**** Entries supplied ****
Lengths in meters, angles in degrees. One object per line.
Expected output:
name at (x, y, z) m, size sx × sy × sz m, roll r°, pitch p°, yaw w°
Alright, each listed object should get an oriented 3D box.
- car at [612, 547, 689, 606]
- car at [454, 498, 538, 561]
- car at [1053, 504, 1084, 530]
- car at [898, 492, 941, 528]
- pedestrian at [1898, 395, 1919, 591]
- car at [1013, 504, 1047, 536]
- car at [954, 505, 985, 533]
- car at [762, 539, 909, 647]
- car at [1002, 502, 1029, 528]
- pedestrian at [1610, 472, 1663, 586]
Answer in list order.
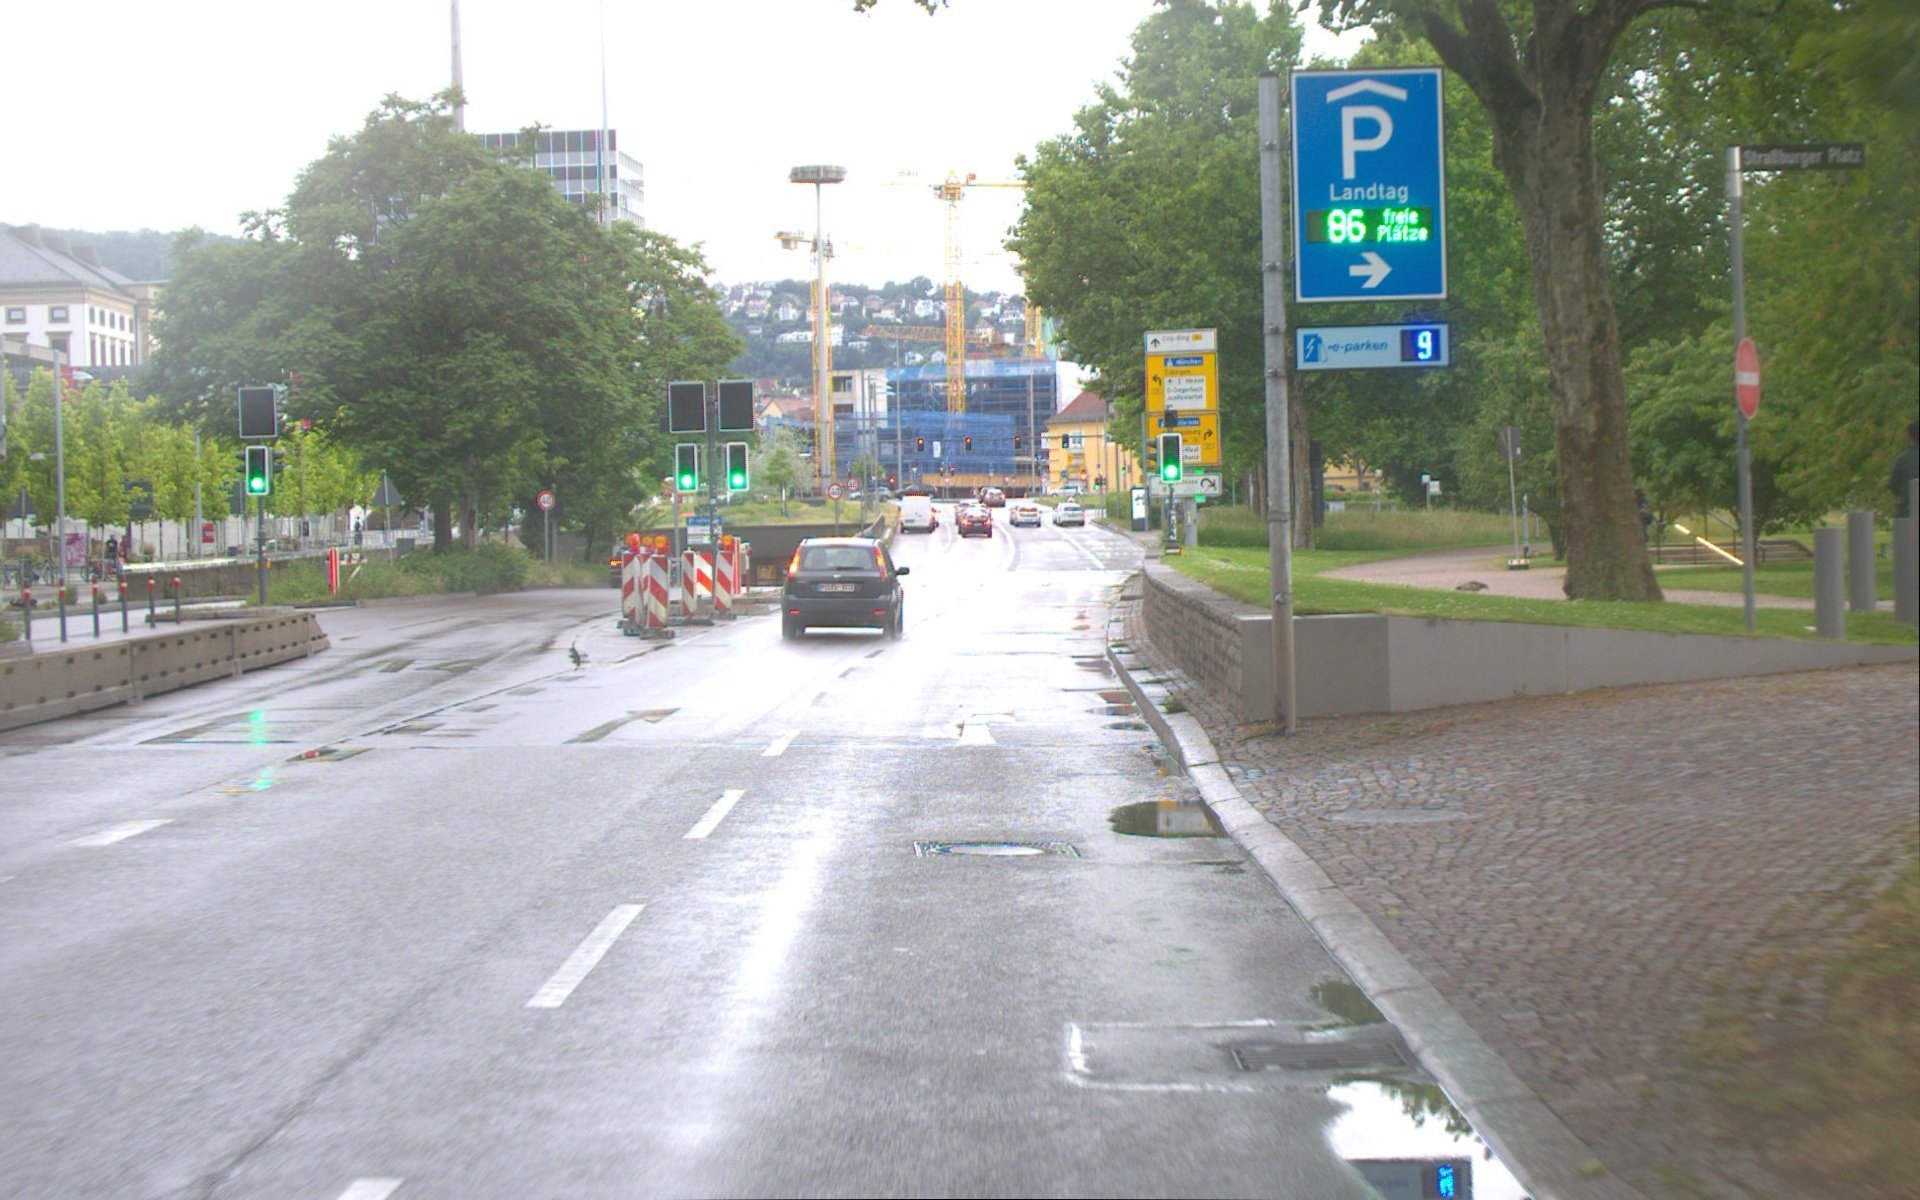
car at (-9.951, -0.770, 110.737) m, size 1.993 × 1.775 × 4.000 m, roll -2°, pitch 1°, yaw 1°
car at (-12.424, -1.875, 92.266) m, size 1.993 × 1.626 × 4.001 m, roll -1°, pitch 1°, yaw -5°
car at (7.509, -5.715, 236.662) m, size 1.994 × 1.594 × 4.000 m, roll -3°, pitch 0°, yaw 3°
car at (-2.551, -5.705, 217.958) m, size 2.220 × 2.007 × 3.999 m, roll -3°, pitch -1°, yaw 5°
pedestrian at (8.738, -0.954, 30.260) m, size 0.705 × 1.712 × 0.692 m, roll -3°, pitch 1°, yaw 0°
car at (4.764, -5.418, 234.214) m, size 1.987 × 2.007 × 4.000 m, roll -3°, pitch 0°, yaw -3°
car at (0.699, -5.692, 241.794) m, size 1.993 × 1.776 × 4.000 m, roll -3°, pitch 0°, yaw 2°
car at (-1.847, -0.093, 49.811) m, size 1.843 × 1.411 × 3.840 m, roll -3°, pitch 0°, yaw -5°
car at (3.870, -5.909, 239.508) m, size 1.713 × 1.684 × 3.848 m, roll -3°, pitch 0°, yaw 3°
pedestrian at (10.621, -1.113, 53.969) m, size 0.594 × 1.749 × 0.725 m, roll -3°, pitch 1°, yaw -2°
****
*What you have to do:* In the data above, each line holding "object" is to be found and copied.

*Exercise response:*
Lengths in meters, angles in degrees. One object per line.
Alright, each listed object should get an oriented 3D box.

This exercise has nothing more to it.